2017-2018

22609 A Social History of the Poet in the Arab and Islamic World

(HIST 22609,NEHC 20745)

What constitutes a poet? What role does a poet play in society? Can we think of poets as agents of change? If so, in what capacity? This course asks the student to consider the role of the poet in the shaping of Islamic history. The course traces the changing role of the poet and of poetry in Islamic history with a focus on Arabic poetry (in translation) in the early modern and modern Middle East and North Africa. From early modern mystical poets, to modern Arab nationalist poets, to the street poets of the Arab Spring, the course investigates the role and function of the poet as an agent of change and of poetry as a catalyst for the formation of collective identity. To do this the course also explores the variety of mediums through which poetry was transmitted and remembered.
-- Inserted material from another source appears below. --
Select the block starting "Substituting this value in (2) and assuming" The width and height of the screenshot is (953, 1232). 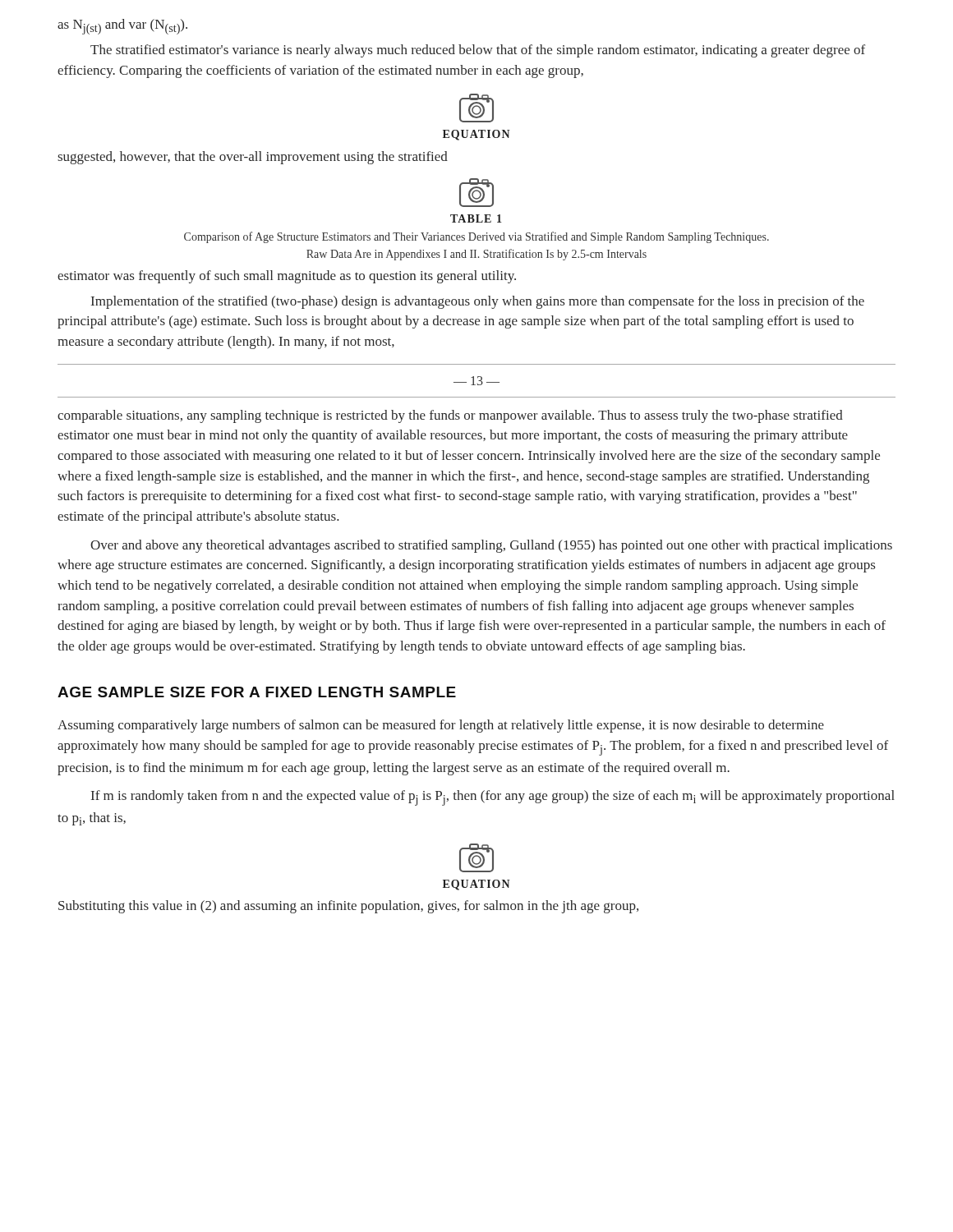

We will thus consider the role of orality, aurality, and memory in the creation, preservation, and transmission of poetry in the early modern and modern Arabic-speaking world.

2017-2018 Spring

23810 Spanish Cinema-Basque Cinema

(BASQ 24710,SPAN 24716)

This course explores Basque cinema from its beginnings to our days while also reviewing Spanish cinema from a Basque point of view. Among other topics, the course will explore the nationalist imaginary and its influence in film, the centrality of gender (and motherly) representations in Basque cinema, Basque films' recent tendency to become Spanish blockbusters outselling Hollywood, and allusions to the Basque Country in Spanish cinema.

2017-2018 Spring

27701/37701 Imaginary Worlds: The Fantastic and Magic Realism in Russia and Southeastern Europe

(REES 39018,REES 29018)

In this course, we will ask what constitutes the fantastic and magic realism as literary genres while reading some of the most interesting writings to have come out of Russia and Southeastern Europe. While considering the stylistic and narrative specificities of this narrative mode, we also think about its political functions -from subversive to escapist, to supportive of a nationalist imaginary-in different contexts and at different historic moments in the two regions.

2017-2018 Spring

38810 Empire, Slavery & Salvation: Writing Diff. in Colonial Americas

(LACS 38810,SPAN 38810)

This course explores portrayals of human difference in literature, travel writing, painting, and autobiography from Spain, England, and the Americas. Students will become versed in debates surrounding the emergence of human distinctions based on religion, race, and ethnicity in the early modern era. Understanding these debates and the history surrounding them is crucial to participating in informed discussion, research, and activism regarding issues of race, empire, and colonialism across time and space.